# [TASK TO CARRY OUT]
Which lines of the data contain the string "survey"? Copy every one of them.

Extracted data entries
--- START ---

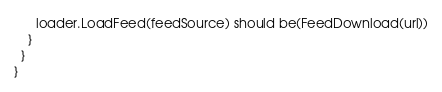<code> <loc_0><loc_0><loc_500><loc_500><_Scala_>      loader.LoadFeed(feedSource) should be(FeedDownload(url))
    }
  }
}
</code> 
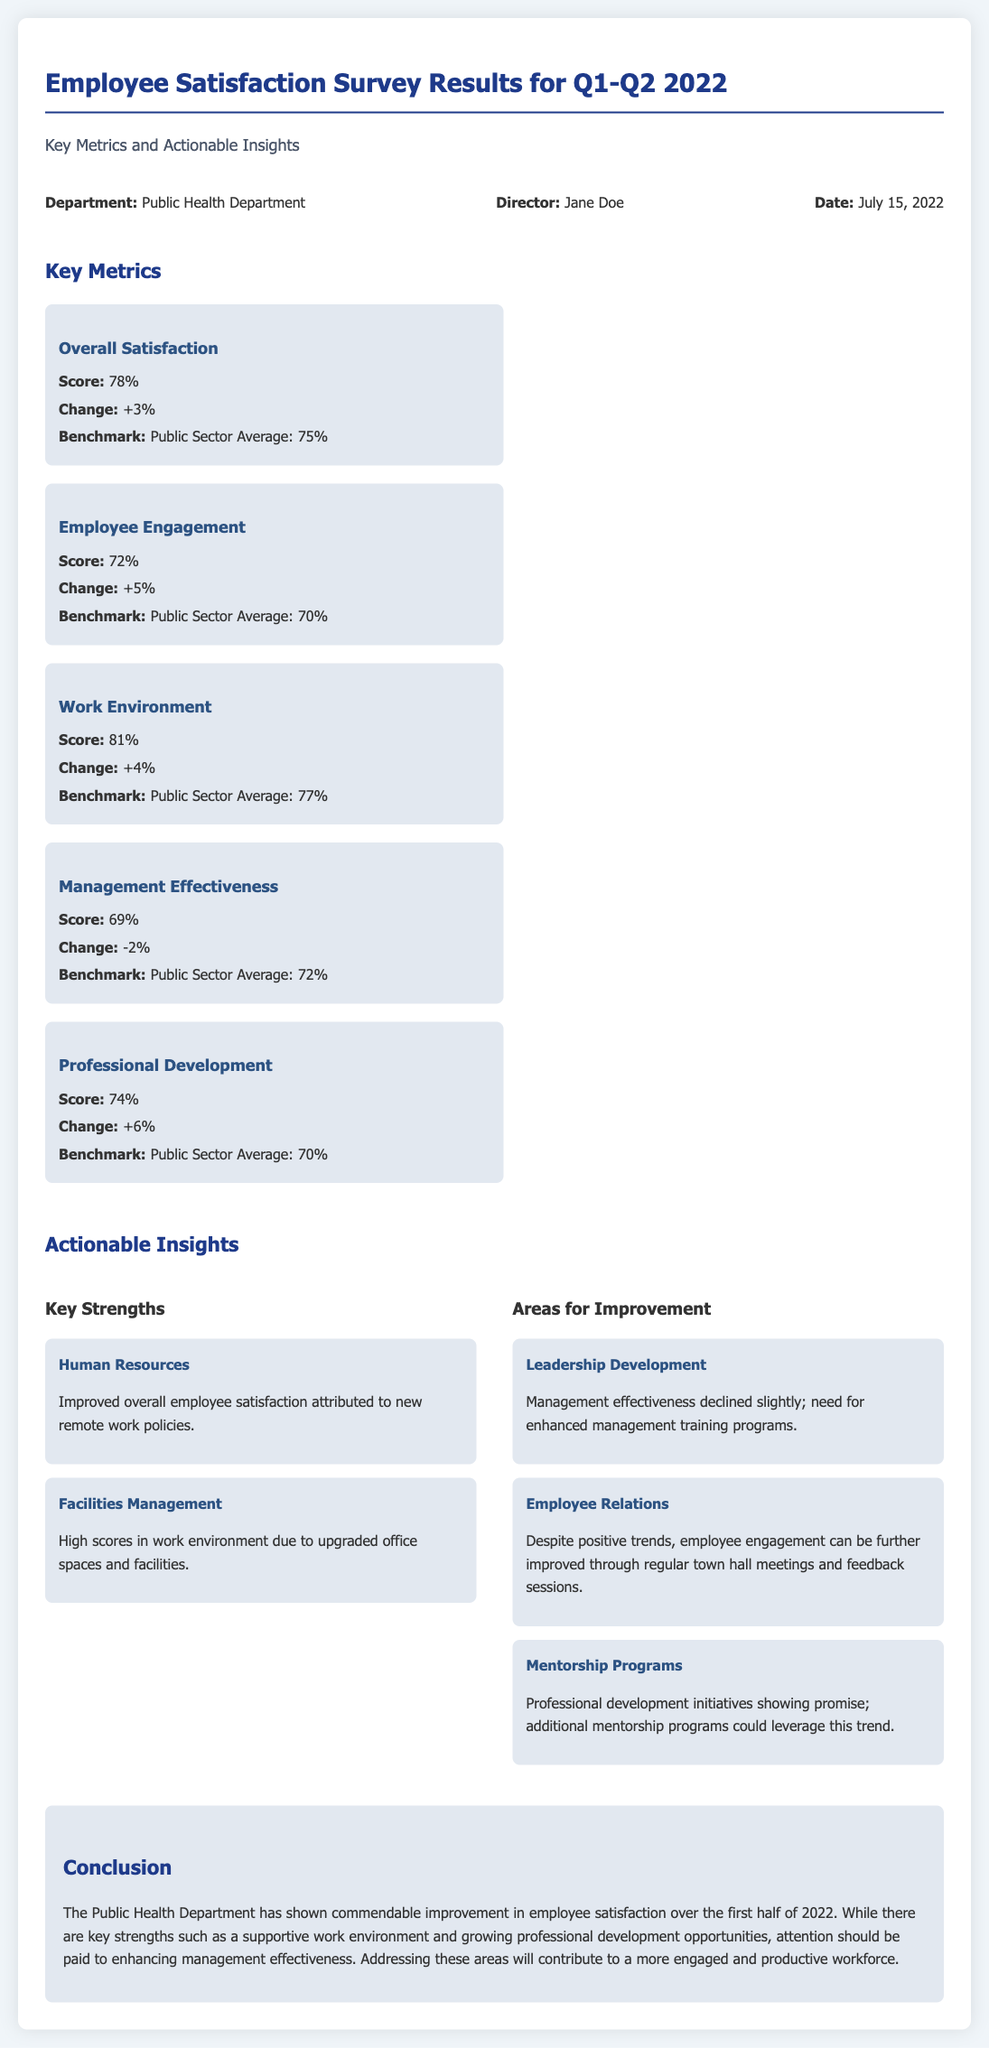What is the overall satisfaction score? The overall satisfaction score is directly stated in the document under Key Metrics.
Answer: 78% What is the management effectiveness score? The management effectiveness score is listed in the Key Metrics section.
Answer: 69% What percentage change in employee engagement was observed? The change in employee engagement can be found under Key Metrics.
Answer: +5% What department is this survey focused on? The title at the beginning mentions the specific department in focus.
Answer: Public Health Department What is the date of the report? The date of the report can be found in the information section of the document.
Answer: July 15, 2022 Which area had the highest score? The areas with scores can be compared to find the highest score listed in Key Metrics.
Answer: Work Environment What does the document suggest for improving management effectiveness? The document states what needs to be enhanced in terms of management training programs.
Answer: Management training programs How many actionable insights are mentioned? The document outlines the number of actionable insights provided throughout.
Answer: Five What is one key strength identified in the survey? Key strengths are highlighted in the Actionable Insights section, indicating a specific area.
Answer: Human Resources 
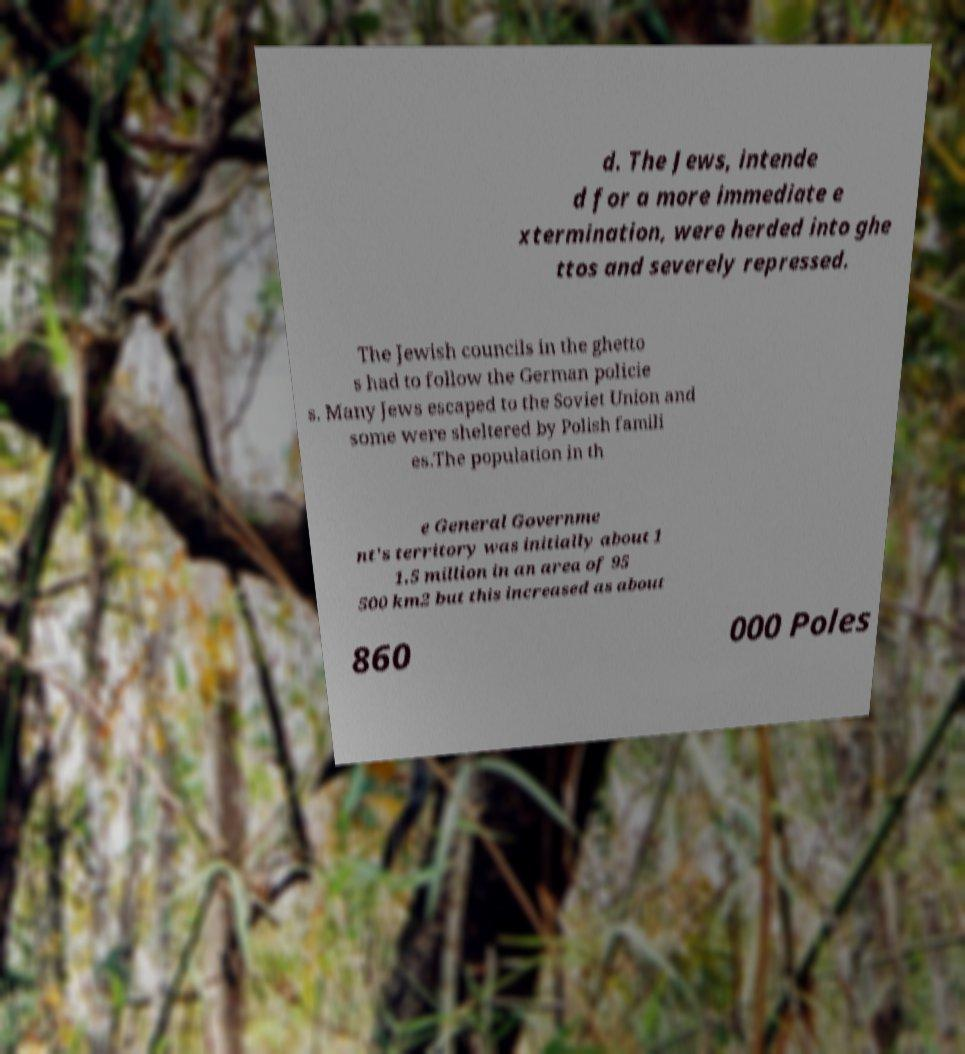There's text embedded in this image that I need extracted. Can you transcribe it verbatim? d. The Jews, intende d for a more immediate e xtermination, were herded into ghe ttos and severely repressed. The Jewish councils in the ghetto s had to follow the German policie s. Many Jews escaped to the Soviet Union and some were sheltered by Polish famili es.The population in th e General Governme nt's territory was initially about 1 1.5 million in an area of 95 500 km2 but this increased as about 860 000 Poles 
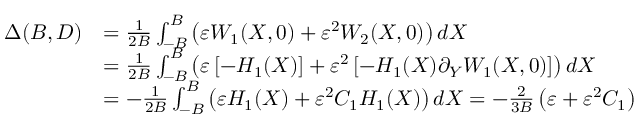<formula> <loc_0><loc_0><loc_500><loc_500>\begin{array} { r l } { \Delta ( B , D ) } & { = \frac { 1 } { 2 B } \int _ { - B } ^ { B } \left ( \varepsilon W _ { 1 } ( X , 0 ) + \varepsilon ^ { 2 } W _ { 2 } ( X , 0 ) \right ) d X } \\ & { = \frac { 1 } { 2 B } \int _ { - B } ^ { B } \left ( \varepsilon \left [ - H _ { 1 } ( X ) \right ] + \varepsilon ^ { 2 } \left [ - H _ { 1 } ( X ) \partial _ { Y } W _ { 1 } ( X , 0 ) \right ] \right ) d X } \\ & { = - \frac { 1 } { 2 B } \int _ { - B } ^ { B } \left ( \varepsilon H _ { 1 } ( X ) + \varepsilon ^ { 2 } C _ { 1 } H _ { 1 } ( X ) \right ) d X = - \frac { 2 } { 3 B } \left ( \varepsilon + \varepsilon ^ { 2 } C _ { 1 } \right ) } \end{array}</formula>

--- END ---

# [RESULT OF THE TASK]
Answer: +5% What department is this survey focused on? The title at the beginning mentions the specific department in focus.
Answer: Five What is one key strength identified in the survey? Key strengths are highlighted in the Actionable Insights section, indicating a specific area.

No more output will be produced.